Any light shed would be appreciated!
Thanks


----------



## The Rascal (Aug 6, 2014)

£2,000 is AED11,000 or so, you'll need that and more. Real Estate is nothing like it is in the UK, not saying you can't make it but currently rents and purchase prices are dropping and the market is stagnant, no-one is buying.

Would also depend on which company it is some have a decent rep, others you avoid like the plague.


----------



## jackblows (Mar 17, 2015)

The Rascal said:


> £2,000 is AED11,000 or so, you'll need that and more. Real Estate is nothing like it is in the UK, not saying you can't make it but currently rents and purchase prices are dropping and the market is stagnant, no-one is buying.
> 
> Would also depend on which company it is some have a decent rep, others you avoid like the plague.
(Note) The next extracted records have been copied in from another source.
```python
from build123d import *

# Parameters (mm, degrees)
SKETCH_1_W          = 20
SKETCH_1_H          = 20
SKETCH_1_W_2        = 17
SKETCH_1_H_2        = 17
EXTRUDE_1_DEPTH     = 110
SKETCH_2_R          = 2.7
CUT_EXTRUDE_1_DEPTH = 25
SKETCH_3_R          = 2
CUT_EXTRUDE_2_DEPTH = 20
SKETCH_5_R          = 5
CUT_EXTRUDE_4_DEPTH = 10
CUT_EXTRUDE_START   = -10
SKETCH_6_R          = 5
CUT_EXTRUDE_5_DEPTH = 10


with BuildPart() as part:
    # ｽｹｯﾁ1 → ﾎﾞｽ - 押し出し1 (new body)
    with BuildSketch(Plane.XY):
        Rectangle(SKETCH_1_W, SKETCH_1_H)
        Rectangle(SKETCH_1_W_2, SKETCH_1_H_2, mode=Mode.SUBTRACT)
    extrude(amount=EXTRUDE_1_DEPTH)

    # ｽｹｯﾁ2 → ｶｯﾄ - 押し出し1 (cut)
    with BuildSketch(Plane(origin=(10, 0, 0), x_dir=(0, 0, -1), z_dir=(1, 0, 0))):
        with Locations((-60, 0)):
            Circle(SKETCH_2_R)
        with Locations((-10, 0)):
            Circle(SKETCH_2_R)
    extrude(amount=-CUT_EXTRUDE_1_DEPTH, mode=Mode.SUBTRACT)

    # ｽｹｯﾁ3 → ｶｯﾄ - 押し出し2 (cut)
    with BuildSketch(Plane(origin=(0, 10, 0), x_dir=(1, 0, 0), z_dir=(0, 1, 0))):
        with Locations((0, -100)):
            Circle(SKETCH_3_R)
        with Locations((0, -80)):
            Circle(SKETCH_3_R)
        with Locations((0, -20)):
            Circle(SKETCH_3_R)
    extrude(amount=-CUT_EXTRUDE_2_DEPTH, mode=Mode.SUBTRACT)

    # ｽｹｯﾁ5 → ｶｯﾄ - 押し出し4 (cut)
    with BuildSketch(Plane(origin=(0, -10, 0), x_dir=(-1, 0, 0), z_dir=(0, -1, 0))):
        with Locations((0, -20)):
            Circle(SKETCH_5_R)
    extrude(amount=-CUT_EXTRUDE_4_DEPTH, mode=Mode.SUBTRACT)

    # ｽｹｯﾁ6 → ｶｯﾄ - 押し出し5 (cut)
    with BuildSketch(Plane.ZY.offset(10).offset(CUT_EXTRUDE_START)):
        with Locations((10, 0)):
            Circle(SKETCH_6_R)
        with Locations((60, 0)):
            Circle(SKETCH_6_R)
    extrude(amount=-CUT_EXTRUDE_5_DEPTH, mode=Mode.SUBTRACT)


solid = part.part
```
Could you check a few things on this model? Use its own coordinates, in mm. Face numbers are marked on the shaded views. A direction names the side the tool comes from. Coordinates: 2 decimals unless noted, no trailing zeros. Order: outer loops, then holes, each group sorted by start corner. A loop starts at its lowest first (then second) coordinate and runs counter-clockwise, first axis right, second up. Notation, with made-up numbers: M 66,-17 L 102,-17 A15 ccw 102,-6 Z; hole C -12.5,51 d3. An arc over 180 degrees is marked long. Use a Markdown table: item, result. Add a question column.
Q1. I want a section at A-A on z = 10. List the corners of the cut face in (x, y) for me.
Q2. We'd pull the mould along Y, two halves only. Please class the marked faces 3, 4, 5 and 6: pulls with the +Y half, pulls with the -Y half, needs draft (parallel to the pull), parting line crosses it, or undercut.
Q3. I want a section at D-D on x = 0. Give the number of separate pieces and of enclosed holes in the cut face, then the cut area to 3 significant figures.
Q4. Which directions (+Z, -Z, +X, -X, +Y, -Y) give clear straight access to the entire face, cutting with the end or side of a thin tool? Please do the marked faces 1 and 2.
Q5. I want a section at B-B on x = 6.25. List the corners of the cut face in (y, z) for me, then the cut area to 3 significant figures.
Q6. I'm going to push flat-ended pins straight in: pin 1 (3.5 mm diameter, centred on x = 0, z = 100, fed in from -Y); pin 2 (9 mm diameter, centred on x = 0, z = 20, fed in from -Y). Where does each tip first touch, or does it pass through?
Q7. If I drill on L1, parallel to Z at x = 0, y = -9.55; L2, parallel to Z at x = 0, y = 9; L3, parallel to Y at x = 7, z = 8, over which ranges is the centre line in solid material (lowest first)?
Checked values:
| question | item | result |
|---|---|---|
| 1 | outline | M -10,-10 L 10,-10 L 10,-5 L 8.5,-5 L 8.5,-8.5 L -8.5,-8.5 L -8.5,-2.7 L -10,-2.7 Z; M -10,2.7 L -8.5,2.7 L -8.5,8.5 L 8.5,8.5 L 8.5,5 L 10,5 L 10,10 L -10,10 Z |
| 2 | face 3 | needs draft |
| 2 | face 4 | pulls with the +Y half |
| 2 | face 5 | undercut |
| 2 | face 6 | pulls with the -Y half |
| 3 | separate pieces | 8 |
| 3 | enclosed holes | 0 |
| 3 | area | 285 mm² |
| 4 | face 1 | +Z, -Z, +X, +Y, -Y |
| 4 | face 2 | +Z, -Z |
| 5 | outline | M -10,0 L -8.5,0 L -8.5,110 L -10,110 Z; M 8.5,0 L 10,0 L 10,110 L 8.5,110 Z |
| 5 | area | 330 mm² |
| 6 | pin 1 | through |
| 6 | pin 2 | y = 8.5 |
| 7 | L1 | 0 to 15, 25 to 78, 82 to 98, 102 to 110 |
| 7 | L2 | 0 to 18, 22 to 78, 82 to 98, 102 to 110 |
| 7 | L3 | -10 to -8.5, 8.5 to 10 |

not sure I am allowed to name the company but it is Allsopp and Allsopp, they have as far as I am aware from reviews got a pretty decent rep. what is a comfortable figure you would advise in English per month until I see a return from the company?


----------



## The Rascal (Aug 6, 2014)

Realistically? 4-6 months at £2,500 a month.
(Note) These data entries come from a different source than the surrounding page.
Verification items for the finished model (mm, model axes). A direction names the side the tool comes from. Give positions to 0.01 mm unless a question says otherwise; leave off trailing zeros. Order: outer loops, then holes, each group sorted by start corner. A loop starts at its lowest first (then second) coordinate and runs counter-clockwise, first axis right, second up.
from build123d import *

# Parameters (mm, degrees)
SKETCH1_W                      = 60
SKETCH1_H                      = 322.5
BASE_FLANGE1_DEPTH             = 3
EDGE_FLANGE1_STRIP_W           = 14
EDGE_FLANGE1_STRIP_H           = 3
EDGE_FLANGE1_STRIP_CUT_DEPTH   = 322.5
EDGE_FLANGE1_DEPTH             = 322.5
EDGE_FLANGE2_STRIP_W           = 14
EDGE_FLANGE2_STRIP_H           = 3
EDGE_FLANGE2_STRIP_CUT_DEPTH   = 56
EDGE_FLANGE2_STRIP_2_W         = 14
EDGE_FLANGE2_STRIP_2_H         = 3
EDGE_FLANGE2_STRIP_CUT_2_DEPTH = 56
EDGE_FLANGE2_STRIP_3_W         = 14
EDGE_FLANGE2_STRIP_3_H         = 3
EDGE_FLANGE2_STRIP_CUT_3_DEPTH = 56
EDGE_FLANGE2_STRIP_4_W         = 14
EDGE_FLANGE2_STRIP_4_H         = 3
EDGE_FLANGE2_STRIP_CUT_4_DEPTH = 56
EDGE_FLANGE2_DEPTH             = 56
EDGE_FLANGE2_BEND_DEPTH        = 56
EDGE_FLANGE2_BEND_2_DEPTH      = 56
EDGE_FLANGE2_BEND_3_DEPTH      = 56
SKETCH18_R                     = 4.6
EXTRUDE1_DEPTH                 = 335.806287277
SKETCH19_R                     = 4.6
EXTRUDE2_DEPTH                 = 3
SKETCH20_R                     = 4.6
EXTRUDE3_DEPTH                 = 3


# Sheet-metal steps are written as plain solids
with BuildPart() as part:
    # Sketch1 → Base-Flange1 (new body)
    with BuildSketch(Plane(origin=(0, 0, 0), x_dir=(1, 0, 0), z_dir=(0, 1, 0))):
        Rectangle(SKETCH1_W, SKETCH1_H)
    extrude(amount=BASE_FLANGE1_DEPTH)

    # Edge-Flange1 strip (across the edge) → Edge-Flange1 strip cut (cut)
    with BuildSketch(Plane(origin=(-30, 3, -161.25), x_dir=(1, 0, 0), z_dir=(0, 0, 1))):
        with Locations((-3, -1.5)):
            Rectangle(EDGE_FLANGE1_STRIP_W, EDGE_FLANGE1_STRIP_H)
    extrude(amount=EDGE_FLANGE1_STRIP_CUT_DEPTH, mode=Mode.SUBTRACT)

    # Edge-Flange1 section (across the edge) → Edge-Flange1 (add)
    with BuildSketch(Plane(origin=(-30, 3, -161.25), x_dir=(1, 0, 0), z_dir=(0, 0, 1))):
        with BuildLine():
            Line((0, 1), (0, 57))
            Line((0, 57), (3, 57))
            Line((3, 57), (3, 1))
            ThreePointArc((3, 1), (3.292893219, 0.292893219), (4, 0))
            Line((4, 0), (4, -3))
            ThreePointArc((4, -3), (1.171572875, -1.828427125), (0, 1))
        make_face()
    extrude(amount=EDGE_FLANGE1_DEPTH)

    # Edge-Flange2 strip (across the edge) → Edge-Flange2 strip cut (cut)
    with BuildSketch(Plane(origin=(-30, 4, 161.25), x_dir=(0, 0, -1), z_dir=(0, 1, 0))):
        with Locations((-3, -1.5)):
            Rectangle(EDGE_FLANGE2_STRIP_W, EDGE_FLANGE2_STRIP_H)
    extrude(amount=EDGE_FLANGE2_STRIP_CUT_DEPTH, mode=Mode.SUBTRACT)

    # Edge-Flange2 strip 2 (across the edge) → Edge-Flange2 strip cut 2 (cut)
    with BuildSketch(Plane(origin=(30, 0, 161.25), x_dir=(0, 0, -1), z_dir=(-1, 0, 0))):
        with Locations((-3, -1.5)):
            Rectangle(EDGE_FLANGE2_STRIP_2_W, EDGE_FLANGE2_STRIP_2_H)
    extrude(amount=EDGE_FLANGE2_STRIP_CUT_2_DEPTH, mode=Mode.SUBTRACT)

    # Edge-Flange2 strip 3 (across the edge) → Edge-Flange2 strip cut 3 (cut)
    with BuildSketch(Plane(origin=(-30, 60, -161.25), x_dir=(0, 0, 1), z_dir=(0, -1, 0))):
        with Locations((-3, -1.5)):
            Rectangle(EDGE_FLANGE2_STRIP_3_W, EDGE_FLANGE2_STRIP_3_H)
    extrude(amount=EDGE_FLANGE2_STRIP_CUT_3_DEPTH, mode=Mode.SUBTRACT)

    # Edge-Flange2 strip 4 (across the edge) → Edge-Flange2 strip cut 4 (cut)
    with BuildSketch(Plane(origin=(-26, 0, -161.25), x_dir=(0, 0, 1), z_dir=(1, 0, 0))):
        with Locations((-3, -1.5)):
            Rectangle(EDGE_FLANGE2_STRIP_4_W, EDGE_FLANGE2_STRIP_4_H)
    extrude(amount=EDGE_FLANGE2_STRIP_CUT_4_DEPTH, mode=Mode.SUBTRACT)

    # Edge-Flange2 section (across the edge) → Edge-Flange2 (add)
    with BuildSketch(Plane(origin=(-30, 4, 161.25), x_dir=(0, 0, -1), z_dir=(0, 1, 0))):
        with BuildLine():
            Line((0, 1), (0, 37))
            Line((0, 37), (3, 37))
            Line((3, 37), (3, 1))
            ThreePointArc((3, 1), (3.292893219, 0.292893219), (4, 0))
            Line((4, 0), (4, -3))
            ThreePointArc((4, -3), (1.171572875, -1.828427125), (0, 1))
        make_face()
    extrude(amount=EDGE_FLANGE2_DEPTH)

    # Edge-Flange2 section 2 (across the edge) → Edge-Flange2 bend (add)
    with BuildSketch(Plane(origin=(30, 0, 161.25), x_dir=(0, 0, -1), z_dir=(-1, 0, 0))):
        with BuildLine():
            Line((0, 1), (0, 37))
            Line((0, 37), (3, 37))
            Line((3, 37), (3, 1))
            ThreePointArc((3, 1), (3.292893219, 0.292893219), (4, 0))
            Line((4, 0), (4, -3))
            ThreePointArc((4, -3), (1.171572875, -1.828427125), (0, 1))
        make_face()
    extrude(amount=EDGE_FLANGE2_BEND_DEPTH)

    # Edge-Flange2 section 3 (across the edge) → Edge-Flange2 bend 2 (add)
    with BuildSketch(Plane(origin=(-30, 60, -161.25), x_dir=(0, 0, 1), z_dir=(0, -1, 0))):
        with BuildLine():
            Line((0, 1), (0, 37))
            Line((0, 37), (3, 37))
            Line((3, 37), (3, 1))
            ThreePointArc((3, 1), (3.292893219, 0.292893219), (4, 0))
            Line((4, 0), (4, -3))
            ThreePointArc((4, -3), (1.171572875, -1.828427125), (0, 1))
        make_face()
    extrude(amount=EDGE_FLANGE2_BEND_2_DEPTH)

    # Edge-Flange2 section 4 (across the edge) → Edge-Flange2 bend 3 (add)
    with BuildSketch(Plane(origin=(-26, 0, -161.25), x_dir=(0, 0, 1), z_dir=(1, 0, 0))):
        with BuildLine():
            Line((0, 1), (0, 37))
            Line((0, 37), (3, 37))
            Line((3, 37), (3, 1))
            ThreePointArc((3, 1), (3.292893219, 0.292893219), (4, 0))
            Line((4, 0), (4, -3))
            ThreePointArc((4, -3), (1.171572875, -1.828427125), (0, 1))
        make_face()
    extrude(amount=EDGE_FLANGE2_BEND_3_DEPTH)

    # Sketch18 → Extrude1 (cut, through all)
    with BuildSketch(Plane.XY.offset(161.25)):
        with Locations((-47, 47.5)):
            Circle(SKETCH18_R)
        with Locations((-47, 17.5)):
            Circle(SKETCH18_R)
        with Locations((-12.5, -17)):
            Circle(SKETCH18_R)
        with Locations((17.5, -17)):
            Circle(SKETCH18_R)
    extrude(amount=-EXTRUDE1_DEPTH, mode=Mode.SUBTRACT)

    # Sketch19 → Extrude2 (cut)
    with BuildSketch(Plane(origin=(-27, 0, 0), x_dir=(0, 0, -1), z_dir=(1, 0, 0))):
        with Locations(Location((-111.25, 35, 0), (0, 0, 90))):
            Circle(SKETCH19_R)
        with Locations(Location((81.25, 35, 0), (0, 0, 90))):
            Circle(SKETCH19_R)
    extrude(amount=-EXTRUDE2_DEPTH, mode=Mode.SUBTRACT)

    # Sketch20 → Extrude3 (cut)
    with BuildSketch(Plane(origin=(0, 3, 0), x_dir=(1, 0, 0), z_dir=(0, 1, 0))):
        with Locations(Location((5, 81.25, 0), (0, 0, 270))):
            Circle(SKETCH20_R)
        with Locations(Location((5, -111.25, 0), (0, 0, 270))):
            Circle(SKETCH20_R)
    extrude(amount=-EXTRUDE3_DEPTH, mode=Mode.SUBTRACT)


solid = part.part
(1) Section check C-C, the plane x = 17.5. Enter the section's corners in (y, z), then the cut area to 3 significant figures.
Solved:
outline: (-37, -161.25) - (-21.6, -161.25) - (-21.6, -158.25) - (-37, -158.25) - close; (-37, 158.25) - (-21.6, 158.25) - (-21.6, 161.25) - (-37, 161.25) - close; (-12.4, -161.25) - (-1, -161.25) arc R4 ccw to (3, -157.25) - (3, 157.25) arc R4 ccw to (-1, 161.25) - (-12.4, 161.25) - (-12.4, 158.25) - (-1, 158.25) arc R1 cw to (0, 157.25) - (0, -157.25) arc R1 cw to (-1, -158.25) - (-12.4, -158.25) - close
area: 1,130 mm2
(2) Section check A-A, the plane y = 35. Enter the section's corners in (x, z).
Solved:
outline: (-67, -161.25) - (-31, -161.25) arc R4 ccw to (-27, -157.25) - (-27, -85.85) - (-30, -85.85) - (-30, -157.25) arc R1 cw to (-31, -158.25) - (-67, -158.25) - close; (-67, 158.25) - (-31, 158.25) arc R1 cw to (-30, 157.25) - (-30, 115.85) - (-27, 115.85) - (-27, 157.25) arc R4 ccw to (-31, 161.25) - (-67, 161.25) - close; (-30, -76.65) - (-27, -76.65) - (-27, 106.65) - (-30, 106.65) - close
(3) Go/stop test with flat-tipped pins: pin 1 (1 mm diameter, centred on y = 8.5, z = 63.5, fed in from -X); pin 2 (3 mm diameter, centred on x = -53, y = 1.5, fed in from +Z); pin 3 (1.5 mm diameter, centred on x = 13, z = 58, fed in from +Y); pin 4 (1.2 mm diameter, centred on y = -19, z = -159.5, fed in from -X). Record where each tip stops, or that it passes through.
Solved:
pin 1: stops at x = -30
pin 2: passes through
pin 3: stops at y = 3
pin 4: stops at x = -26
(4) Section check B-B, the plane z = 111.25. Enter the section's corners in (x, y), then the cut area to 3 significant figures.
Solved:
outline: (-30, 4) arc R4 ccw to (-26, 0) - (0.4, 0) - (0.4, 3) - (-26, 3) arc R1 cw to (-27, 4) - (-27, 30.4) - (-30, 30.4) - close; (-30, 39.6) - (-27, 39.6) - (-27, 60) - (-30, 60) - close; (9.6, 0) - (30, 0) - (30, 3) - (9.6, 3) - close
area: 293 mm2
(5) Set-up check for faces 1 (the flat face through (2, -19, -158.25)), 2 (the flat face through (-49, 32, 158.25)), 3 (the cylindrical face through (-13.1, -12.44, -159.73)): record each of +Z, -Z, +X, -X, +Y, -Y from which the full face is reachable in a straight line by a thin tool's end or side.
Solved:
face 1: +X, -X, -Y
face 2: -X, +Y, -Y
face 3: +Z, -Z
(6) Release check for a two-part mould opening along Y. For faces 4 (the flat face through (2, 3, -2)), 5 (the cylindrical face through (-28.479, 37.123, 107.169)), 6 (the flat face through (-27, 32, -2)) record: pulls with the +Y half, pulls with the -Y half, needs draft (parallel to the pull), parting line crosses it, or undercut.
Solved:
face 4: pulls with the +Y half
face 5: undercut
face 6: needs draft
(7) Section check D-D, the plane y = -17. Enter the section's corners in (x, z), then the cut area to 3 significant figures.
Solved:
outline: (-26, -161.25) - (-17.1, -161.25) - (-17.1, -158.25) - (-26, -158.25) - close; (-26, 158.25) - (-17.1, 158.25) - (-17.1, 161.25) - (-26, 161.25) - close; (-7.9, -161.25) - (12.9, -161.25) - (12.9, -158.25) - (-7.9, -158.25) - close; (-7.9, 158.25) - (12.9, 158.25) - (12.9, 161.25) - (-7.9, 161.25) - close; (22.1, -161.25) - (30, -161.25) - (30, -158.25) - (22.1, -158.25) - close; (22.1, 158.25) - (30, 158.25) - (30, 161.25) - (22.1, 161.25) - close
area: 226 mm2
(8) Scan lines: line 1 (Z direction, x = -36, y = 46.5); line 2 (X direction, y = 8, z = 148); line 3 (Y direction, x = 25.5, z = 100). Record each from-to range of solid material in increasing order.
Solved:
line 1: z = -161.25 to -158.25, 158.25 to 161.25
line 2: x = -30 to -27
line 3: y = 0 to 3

I don't know anyone who works for them though, sorry.


----------



## Froglet (May 7, 2014)

second hit on Google: Allsopp And Allsopp - Real Estate Market talk Bad, Review 262588 | Complaints Board


----------



## BedouGirl (Sep 15, 2011)

Please can we be careful about publicly discussing the pros and cons of organisations on the forum. Thank you.


----------



## LittleStampede (May 8, 2015)

jackblows said:


> Hi all,
> 
> Appreciate some help on this situation, I have recently applied (and been offered following a number of interviews) for a real estate job in Dubai. The package is a little unsettling from my point of view as I have been researching costs.
> 
> ...


Hi Jack,

Just interested if you took this job? My husband has been offered the same role, starting late July. How are you finding it there? My husband is definitely going to take it as it's a fantastic opportunity with what seems like a great company, but we're also keeping our feet on the ground in that I'll stay over here initially, then if he likes it after his 3 months probation period is up, THEN I'll hand my notice in (another 3 months), rent our house out and move over there.

PM me if you like


----------



## Froglet (May 7, 2014)

LittleStampede said:


> Hi Jack,
> 
> Just interested if you took this job? My husband has been offered the same role, starting late July. How are you finding it there? My husband is definitely going to take it as it's a fantastic opportunity with what seems like a great company, but we're also keeping our feet on the ground in that I'll stay over here initially, then if he likes it after his 3 months probation period is up, THEN I'll hand my notice in (another 3 months), rent our house out and move over there.
> 
> PM me if you like


One of the things you REALLY need to keep in mind is that the real estate market is completely different than it is in the UK.


----------



## rahzaa (May 2, 2012)

I had Dutch couple move to Dubai 2 years ago. The husband got a job with a real estate company in Dubai. He was selling only in Arabian Ranches and it was all commission based, no base salary. He hardly made anything and worse he got so pissed by unprofessional nature of the market. This was during Expo 2020 boom when the market was booming. So its risky but if you are able to sell, the payoff is good.


----------



## twowheelsgood (Feb 21, 2013)

Personally I wouldn't recommend a real estate agent job here to my worst enemy (I do not think I have one though).


----------



## Cos_mo (Feb 9, 2012)

On 11,000dhs you will have to live like a rat. Half of that will go on rent. Think carefully...Dubai is a great place to live if you get a decent salary and if not.....


----------